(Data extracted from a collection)
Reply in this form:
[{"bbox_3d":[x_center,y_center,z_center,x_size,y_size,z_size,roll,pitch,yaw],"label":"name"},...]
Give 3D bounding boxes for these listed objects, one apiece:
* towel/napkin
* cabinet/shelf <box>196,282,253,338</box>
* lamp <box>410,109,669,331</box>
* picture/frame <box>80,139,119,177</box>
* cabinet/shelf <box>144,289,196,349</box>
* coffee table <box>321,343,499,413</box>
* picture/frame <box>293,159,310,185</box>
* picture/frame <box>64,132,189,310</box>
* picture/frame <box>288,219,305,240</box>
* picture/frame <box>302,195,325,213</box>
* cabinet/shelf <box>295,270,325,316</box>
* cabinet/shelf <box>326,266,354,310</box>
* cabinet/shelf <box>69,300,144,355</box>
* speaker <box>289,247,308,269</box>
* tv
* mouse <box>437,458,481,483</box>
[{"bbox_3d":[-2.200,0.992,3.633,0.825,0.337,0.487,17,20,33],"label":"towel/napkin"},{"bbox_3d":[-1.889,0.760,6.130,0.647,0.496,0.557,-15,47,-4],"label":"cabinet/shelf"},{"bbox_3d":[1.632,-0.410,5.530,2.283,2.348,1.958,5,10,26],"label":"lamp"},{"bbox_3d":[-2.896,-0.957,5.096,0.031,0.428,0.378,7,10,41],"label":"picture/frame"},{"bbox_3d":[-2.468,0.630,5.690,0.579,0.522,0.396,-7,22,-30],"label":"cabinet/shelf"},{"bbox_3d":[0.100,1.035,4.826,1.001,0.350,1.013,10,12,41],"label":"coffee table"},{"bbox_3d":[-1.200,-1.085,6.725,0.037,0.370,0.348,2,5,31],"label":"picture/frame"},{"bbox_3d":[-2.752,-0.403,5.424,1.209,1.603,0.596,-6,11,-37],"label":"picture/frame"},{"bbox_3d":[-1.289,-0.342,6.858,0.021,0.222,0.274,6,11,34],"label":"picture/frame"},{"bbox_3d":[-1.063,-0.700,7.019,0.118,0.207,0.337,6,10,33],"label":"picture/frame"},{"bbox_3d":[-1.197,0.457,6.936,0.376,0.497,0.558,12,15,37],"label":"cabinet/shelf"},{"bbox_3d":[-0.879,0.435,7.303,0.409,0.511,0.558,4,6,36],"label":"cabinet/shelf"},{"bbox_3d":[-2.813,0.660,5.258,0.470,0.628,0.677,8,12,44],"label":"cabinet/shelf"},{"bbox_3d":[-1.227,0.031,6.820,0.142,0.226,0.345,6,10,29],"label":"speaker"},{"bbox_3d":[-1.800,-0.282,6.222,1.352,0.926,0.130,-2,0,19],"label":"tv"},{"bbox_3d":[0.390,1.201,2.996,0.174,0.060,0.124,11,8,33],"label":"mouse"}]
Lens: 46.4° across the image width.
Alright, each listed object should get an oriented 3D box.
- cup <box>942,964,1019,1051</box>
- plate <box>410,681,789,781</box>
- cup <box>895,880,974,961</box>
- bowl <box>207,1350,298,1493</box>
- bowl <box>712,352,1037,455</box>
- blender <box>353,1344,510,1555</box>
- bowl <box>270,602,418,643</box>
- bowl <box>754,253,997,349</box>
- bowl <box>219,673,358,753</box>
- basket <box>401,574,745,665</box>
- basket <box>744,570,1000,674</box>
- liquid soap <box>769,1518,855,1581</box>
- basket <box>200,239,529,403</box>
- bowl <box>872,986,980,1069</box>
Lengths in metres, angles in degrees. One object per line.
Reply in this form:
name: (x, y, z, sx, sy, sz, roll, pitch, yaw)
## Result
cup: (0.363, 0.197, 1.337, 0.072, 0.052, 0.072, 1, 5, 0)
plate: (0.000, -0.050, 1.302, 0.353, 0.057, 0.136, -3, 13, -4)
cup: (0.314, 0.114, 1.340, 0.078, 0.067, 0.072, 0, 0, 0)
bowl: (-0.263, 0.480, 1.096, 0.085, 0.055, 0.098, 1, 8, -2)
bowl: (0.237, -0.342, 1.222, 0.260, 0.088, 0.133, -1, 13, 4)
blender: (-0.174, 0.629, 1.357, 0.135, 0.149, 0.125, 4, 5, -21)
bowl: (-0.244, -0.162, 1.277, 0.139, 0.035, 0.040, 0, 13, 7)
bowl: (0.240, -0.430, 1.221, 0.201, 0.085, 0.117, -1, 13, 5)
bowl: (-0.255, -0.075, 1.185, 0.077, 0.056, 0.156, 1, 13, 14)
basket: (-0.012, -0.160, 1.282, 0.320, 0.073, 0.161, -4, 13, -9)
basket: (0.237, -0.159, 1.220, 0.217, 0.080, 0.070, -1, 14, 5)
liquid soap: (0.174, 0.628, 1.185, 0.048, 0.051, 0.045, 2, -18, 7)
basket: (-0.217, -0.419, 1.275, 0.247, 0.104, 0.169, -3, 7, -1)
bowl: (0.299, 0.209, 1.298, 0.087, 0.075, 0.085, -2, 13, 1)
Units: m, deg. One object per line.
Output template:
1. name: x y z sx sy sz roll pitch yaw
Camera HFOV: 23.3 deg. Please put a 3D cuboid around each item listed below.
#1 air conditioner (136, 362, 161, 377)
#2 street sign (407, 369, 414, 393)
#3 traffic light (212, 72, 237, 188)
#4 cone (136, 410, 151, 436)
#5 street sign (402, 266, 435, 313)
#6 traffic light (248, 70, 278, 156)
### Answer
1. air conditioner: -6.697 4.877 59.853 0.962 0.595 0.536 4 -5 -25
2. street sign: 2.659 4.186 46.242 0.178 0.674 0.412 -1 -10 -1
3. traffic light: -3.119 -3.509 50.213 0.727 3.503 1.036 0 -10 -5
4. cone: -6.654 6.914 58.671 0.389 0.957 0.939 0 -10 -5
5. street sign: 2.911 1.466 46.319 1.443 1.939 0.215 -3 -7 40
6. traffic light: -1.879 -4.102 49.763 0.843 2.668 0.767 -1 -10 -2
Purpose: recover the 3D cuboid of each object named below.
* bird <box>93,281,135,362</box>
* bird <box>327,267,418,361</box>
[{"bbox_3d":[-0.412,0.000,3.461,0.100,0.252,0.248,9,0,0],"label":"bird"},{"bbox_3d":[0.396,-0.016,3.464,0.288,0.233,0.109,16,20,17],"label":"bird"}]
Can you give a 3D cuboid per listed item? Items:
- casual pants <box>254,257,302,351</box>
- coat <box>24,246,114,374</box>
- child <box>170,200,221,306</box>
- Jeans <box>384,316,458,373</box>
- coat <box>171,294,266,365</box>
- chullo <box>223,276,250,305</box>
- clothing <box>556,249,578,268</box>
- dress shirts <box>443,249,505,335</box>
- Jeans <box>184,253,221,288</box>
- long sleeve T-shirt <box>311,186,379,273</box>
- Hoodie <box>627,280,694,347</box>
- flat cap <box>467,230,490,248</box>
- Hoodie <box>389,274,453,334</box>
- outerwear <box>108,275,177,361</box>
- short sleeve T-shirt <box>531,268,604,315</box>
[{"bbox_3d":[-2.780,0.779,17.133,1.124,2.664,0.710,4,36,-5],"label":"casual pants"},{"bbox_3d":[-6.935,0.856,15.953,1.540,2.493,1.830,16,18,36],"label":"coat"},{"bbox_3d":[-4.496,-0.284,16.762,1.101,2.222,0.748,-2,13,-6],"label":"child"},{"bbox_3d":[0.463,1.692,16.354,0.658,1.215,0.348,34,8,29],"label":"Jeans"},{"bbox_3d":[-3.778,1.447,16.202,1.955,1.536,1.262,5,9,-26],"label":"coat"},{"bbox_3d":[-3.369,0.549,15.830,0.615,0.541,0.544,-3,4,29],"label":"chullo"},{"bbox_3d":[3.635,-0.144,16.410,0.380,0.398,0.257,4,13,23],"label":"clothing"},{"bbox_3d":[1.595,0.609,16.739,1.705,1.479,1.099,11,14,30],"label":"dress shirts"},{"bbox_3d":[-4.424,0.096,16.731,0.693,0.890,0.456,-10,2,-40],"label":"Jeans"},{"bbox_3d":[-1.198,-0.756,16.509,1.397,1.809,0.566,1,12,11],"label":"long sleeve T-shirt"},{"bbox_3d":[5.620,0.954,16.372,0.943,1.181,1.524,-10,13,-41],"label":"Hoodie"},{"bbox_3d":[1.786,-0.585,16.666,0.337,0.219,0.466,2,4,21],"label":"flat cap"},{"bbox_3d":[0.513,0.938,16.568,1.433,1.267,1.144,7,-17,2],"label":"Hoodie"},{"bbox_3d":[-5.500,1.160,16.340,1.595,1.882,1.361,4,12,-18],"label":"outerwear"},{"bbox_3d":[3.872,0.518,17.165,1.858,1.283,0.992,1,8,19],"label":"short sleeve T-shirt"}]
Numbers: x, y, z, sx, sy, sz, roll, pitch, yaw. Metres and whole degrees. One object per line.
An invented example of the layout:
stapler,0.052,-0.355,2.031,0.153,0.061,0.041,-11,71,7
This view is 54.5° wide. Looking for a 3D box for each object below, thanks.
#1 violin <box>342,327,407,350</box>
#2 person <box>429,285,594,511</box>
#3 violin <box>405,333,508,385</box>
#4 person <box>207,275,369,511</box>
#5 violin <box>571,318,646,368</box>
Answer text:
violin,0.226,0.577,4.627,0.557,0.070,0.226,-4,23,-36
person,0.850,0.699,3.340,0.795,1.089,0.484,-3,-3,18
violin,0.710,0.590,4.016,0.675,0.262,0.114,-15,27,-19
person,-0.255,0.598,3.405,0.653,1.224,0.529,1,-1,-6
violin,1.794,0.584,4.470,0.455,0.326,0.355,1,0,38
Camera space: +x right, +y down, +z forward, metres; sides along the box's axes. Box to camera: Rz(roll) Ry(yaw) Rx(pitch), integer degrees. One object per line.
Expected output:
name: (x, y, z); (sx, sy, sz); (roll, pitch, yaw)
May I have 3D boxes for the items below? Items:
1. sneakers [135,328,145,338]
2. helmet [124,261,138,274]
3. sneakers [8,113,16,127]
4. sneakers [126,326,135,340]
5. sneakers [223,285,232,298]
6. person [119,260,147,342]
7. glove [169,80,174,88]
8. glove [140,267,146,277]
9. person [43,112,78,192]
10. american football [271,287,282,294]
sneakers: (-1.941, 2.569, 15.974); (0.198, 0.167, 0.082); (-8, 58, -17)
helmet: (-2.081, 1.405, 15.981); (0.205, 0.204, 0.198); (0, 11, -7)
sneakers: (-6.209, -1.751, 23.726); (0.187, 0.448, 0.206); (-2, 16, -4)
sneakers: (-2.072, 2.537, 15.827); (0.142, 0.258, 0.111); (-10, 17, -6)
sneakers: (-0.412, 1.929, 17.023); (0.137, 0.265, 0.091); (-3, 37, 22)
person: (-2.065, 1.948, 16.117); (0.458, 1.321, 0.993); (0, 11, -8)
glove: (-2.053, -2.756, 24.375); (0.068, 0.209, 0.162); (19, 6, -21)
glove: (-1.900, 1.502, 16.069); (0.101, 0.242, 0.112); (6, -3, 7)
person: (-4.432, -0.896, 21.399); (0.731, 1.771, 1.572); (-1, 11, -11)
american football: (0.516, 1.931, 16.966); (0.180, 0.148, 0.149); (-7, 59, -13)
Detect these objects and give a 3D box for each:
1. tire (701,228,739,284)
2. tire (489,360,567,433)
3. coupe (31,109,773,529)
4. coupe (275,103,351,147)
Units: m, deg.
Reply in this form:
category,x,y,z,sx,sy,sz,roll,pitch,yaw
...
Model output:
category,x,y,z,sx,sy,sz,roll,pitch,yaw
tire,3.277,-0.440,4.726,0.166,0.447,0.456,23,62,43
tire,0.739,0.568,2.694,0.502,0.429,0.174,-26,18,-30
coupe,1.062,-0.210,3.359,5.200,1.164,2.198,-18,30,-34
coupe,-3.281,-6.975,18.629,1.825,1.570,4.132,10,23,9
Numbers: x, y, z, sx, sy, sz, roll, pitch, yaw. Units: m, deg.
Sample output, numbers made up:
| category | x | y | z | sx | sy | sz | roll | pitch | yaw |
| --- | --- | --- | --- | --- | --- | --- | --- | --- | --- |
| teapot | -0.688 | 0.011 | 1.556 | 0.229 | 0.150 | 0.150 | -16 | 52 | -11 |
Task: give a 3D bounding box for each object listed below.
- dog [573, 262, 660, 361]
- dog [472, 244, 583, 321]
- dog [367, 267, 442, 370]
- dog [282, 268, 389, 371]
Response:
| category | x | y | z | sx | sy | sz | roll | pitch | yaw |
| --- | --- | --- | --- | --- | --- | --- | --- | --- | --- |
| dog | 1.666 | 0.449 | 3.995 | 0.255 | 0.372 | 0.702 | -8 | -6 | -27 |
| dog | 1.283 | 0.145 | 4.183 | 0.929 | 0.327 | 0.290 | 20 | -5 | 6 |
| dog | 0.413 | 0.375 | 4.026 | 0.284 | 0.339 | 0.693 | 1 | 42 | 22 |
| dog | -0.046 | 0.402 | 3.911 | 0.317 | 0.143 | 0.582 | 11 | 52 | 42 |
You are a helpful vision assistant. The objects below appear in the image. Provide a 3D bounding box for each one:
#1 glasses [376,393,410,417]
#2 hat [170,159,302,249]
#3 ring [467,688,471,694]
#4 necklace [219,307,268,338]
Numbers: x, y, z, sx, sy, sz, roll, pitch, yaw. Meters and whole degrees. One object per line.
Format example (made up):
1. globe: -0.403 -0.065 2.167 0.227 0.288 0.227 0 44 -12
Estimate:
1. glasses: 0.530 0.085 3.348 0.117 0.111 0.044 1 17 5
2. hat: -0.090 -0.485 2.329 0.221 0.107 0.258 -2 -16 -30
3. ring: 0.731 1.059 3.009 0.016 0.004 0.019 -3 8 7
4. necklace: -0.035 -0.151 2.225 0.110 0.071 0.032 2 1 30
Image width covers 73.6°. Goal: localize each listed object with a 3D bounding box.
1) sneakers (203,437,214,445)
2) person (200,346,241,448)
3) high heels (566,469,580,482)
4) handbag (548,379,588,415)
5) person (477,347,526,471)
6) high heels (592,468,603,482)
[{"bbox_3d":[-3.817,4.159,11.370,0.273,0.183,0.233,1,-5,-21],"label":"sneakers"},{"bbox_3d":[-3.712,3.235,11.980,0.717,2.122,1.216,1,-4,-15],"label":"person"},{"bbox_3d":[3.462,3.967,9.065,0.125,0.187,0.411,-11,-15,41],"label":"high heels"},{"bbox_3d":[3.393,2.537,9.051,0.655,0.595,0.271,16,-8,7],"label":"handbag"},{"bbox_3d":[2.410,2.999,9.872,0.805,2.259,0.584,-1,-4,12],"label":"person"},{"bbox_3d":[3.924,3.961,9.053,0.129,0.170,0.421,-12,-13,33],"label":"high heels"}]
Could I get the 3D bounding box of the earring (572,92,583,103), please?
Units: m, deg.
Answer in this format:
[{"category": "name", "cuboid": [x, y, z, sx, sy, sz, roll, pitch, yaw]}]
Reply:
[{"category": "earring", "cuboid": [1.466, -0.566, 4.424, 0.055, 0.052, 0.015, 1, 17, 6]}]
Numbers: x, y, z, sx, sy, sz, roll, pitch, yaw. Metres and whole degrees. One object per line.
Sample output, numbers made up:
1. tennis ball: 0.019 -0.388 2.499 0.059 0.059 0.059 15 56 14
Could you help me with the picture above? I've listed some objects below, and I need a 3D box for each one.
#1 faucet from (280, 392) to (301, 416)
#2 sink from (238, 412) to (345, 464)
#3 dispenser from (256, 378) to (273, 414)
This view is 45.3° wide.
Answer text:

> ACTIVITY: Find the lines in the entries above where "example" occurs, and copy each of them.

> RESPONSE:
An invented example of the layout:
Format example (made up):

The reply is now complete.